There are 4 stages of anesthesia. Patients undergoing conscious sedation are prevented from reaching the second stage. Within the first stage there are four plateaus.
- Stage I (stage of analgesia or disorientation): from induction of general anesthesia to loss of consciousness. Four plateaus of Stage I anesthesia (analgesia):
- Paresthesia: tingling of hands, feet. Lightheadedness.
- Vasomotor: warm sensations.
- Drift: euphoria, pupils centrally fixed, sensation of floating. The target plateau.
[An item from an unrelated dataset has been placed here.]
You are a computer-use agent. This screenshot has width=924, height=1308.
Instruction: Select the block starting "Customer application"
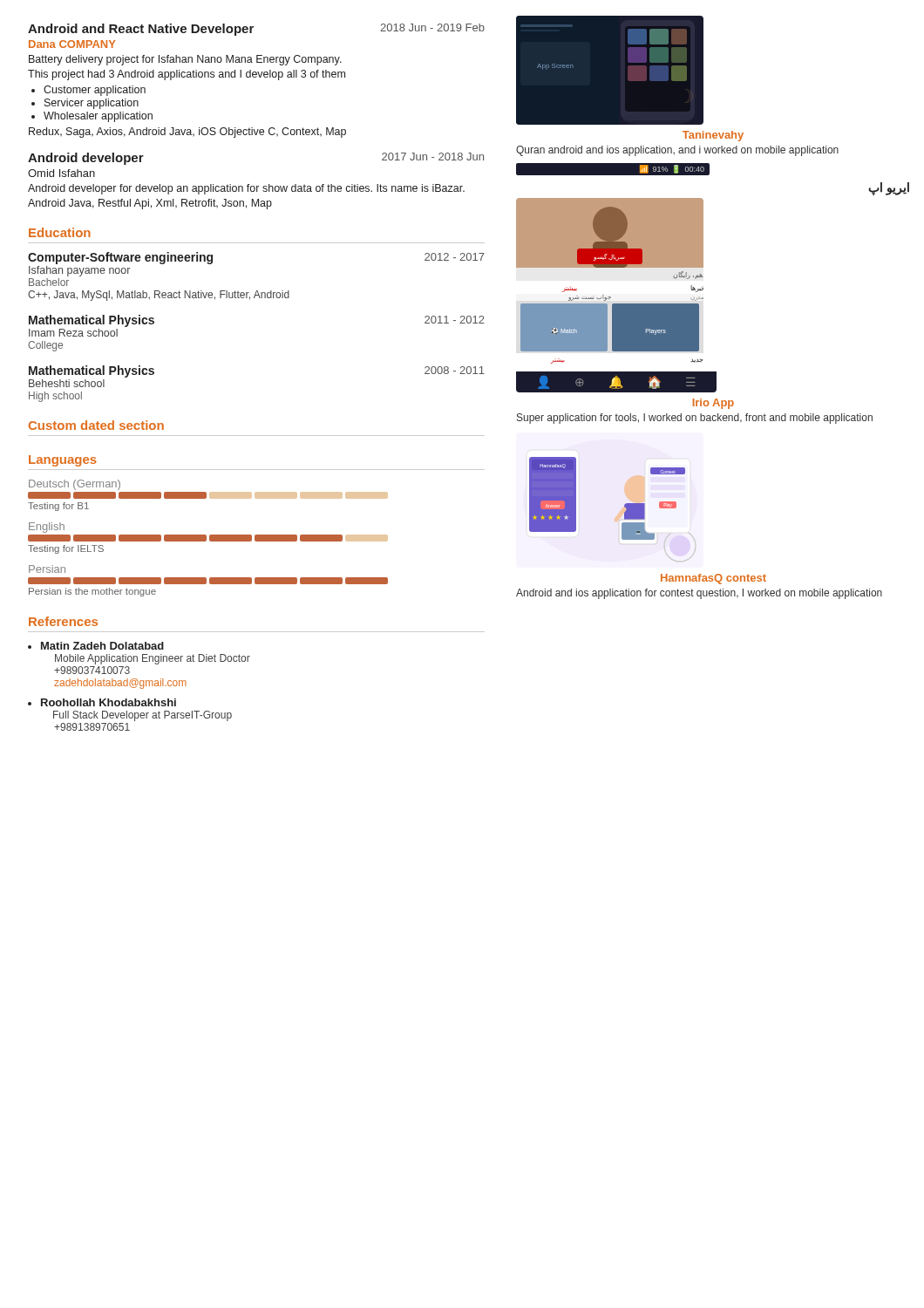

- Dream: eyes closed but will open in response to questions; difficulty in speaking; jaw sags open. This is where the dose would be adjusted to prevent drifting into stage II.
- Stage II (stage of excitement or delirium): from loss of consciousness to onset of automatic breathing. An anesthetist wants to pass through this stage quickly.
- Stage III (stage of surgical anesthesia): from onset of automatic respiration to respiratory paralysis. It is divided into four planes.
- Stage IV: respiratory paralysis till death. Anesthetic overdose causes medullary paralysis.
Nausea and vomiting are the most common side effects of nitrous oxide sedation. When the procedure is completed diffusion hypoxia can occur. The nitrous oxide is quick to push out of the tissues (high MAC) and can dilute the available oxygen in the lungs. For this reason patients are given 100% oxygen for 3-5 minutes following the procedure.
SEDATIVE HYPNOTICS
Chloral Hydrate is commonly used in pediatric sedation. It acts on the central nervous system to induce sedation and sleepiness but at normal doses does not affect breathing, reflexes or blood pressure. Onset is within 30 mins when given orally. There is often a period of excitement and irritability prior to sedation.
Short acting Barbiturates like Secobarbital (Seconal) and Pentobarbital (Numbutal) are occasionally used in conscious sedation, but of limited value. They can cause paradoxical excitement.
Benzodiazepines like Versed is the most commonly used pediatric premedication before general anesthesia.